O princípio do Juiz natural é uma garantia relevantíssima prevista no art. 5º, incisos XXXVII (“não haverá juízo ou tribunal de exceção”) e LIII (“ninguém será processado nem sentenciado senão pela autoridade competente”), da Constituição Federal.
Trata-se de um pressuposto para garantir a independência e a imparcialidade do órgão julgador. Na verdade, evita que o Magistrado seja “escolhido” para julgar determinado processo ou afastado do julgamento de um feito.
Da mesma forma, essa garantia proíbe a criação de tribunais extraordinários (de exceção) e a transferência do processo para outro juízo. Institui, ainda, a exigência de que a competência do juízo seja prévia. Trata-se de uma garantia vinculada ao próprio devido processo legal, porque a legitimidade do processo pressupõe que um terceiro imparcial examine as provas.
Em suma, o princípio do Juiz natural diz respeito ao juízo adequado para apreciar determinado processo.
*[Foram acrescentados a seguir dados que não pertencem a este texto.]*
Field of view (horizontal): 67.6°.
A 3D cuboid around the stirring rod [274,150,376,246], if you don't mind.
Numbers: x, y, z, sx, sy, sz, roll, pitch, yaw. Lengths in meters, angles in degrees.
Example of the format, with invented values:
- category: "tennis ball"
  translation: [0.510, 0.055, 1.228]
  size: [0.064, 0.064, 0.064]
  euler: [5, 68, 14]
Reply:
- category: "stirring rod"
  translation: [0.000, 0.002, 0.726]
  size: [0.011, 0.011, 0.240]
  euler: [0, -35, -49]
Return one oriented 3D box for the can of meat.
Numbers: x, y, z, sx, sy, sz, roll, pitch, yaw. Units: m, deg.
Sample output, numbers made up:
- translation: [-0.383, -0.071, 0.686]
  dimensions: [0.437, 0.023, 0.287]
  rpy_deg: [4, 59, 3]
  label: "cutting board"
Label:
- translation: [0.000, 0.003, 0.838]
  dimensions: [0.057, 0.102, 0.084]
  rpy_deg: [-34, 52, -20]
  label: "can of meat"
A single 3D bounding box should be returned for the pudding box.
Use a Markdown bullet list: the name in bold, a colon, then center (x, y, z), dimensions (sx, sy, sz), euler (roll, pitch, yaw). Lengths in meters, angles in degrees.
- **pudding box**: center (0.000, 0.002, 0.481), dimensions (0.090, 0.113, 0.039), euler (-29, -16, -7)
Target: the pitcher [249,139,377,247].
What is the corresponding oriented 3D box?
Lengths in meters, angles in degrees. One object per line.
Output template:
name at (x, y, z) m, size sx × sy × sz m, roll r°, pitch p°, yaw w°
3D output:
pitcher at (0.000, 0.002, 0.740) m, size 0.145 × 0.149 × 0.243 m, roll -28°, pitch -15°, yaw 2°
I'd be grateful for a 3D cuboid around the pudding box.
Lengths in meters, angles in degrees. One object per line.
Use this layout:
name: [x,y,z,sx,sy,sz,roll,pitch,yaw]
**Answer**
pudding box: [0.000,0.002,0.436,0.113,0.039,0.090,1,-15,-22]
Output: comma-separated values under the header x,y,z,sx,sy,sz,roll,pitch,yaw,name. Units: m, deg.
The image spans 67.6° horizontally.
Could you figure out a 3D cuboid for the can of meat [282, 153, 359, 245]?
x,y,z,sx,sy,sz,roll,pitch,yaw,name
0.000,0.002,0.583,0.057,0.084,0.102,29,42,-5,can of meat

Em razão de sua importância história, no Brasil, todas as Constituições, com exceção da de 1937, previam o princípio do Juiz natural.
A aplicação do princípio do Juiz natural repercute em inúmeras situações do processo penal.
Cita-se, por exemplo, a hipótese em que, no plenário do júri, os jurados consideram que o crime praticado não foi um crime doloso contra a vida (desclassificam, por exemplo, de tentativa de homicídio para lesão corporal). Nesse caso, o juízo inicialmente (e aparentemente) competente deixa de ser o conselho de sentença, que, ao fazer a desclassificação, reconhece a sua incompetência, passando o julgamento para o Juiz togado (art. 492, §1º, do Código de Processo Penal).
No plano ideal, o princípio do Juiz natural seria uma garantia inafastável, por ter previsão constitucional e ditar todo o devido processo legal. Assim, o princípio do Juiz natural não deveria ser limitado por normas infraconstitucionais, como as que dispõem sobre conexão e continência, que não possuem amparo constitucional nem mesmo de forma implícita.
Entretanto, a súmula nº 704 do Supremo Tribunal Federal prioriza uma norma infraconstitucional em detrimento da Constituição Federal, ao dispor o seguinte: “Não viola as garantias do juiz natural, da ampla defesa e do devido processo legal a atração por continência ou conexão do processo do corréu ao foro por prerrogativa de função de um dos denunciados.”
Também não deveria ser admitido, por violação ao princípio do Juiz natural, o entendimento que tem se ampliado na jurisprudência, inclusive do STJ, quanto à competência territorial para o julgamento dos crimes dolosos contra a vida (leia aqui), que desconsidera o art. 70 do Código de Processo Penal apenas para criar uma facilidade inconstitucional em prol da acusação.
Ora, como é possível desconsiderar que o art. 70 do CPP prevê que a “competência será determinada pelo lugar em que se consumar a infração”? Substituir a competência territorial dos crimes dolosos contra a vida (legalmente prevista) pelo lugar que seja o melhor para a formação da verdade real (STJ, CC 131566/DF) é desconsiderar que as regras do jogo são instituídas previamente, não sendo admitidas alterações casuísticas.
Verdadeiramente, se o princípio do Juiz natural realmente fosse levado a sério, não haveria, no processo penal, a separação entre competência absoluta e competência relativa. A competência, por si só, seria sempre uma garantia do acusado, e não uma escolha que poderia precluir ou, pior ainda, ser utilizada para beneficiar a acusação, como na hipótese acima mencionada.